Historian Jerry Pierce, also treated unjustly by Balay’s nemesis, posted: “So apparently this is the building where I give my talk on heresy.”  Rich Colvin replied: “That’s so freaking cool.  I miss your classes so much.  To this day I remember the ‘Hell’ course you and Professor (Gianluca) Di Muzio taught as my favorite class at IUN.”  Jerry responded: “It was a fun class, wasn’t it?  I think you were in the first incarnation of it.  Were you in the class where someone did a layered cake as their project?”  Years ago, David Malham cooked a medieval meal in a class taught by Rhiman Rotz, Jerry’s predecessor.

Tom and Darcey Wade had us over for grilled burgers, potato salad, and watermelon.  Because Dave and Angie’s dog Maggie is ultra-sensitive to fireworks, Toni lugged his kennel in the bathroom and put on soft music. At Wades we played pinochle with crazy rules that involved passing three cards between the partners who won the bid and awarding 30 points for a double pinochle (jack of diamonds, queen of spades).  In the final hand I needed only the ace of spades for a run, which Toni could have passed me, only Tom outbid me and then put down a spade run plus a hundred aces.  We were home by dusk, to Maggie’s relief. 

Tom, retired from teaching, has become an Uber cab driver.  Everything is done with a smart phone, so no money exchanges hands.  For driving two Grateful Dead fans to Soldier Field he received a ten-dollar tip.  He enjoys the social interaction as for the money and learning how Uber works.  Tom wants me to be his duplicate bridge partner, but he uses the Stayman convention that I have never played.

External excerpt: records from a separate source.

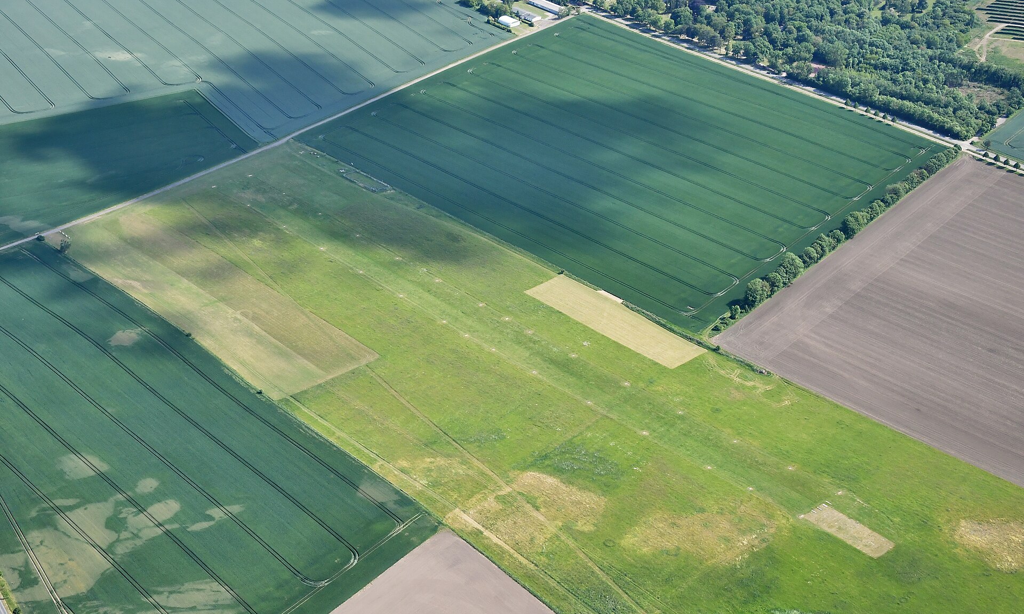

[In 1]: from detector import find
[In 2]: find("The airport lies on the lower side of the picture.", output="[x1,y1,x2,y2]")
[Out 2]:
[44,140,1024,614]
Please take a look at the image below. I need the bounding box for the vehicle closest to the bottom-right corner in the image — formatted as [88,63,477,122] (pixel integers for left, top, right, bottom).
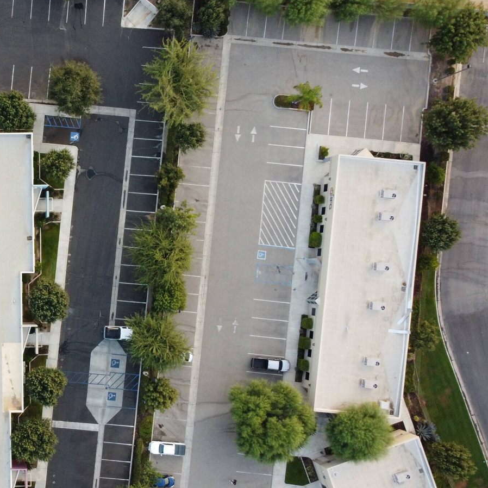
[248,356,290,373]
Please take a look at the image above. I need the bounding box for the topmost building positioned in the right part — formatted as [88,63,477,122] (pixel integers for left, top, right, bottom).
[302,149,425,418]

I recommended that we play some hands together first.
 Carli Lloyd, who scored three goals against Japan
Cubbies won two of three from the Marlins, and the U.S. women’s World Cup soccer team routed Japan, 5-2.  I completed Ray Boomhower’s excellent biography of Hoosier journalist and diplomat John Bartlow Martin.  In my review for Indiana Magazine of History I’ll concentrate on his love-hate relationship with Indianapolis, where he spent his formative years.

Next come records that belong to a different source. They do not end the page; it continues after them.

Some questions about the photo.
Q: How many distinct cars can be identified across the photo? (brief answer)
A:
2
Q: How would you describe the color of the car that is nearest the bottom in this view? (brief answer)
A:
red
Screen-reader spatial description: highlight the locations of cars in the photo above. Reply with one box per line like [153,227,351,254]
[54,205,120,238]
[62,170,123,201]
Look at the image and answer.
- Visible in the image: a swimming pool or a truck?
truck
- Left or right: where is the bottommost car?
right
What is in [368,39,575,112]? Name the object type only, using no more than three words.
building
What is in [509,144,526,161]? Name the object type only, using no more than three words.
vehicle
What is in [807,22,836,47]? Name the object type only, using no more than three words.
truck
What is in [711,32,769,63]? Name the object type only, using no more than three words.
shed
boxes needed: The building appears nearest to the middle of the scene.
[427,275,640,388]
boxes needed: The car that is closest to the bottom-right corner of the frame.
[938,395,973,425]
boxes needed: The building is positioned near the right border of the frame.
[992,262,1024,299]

IU History department chair Eric Sandweiss wrote that next February’s Indiana Association of Historians (IAH) conference will be in Bloomington and he “would like to see some folks from the Region presenting.”  I’m on the editorial board of the Indiana Magazine of History (IMH), which has its annual meeting then.  I replied: “I'll be sure to attend the IAH meeting next February, will try to talk colleague Chris Young into joining me, and will think about participating.  Right now I'm working on a book review for IMH of Boomhower's biography of John Bartlow Martin and on a speech to the Portage Historical Society entitled "Edgewater: Portage's Vanished Community" (all homes, including ours, became leasebacks within the Indiana Dunes National Lakeshore that expired by 2010).  Maybe Eva Mendieta and John Fraire, recent IMH contributors, could participate in a session about Calumet Region Mexican Americans. I'll talk to John Hmurovic about submitting a proposal based on his IMH article on A.F. Knotts.”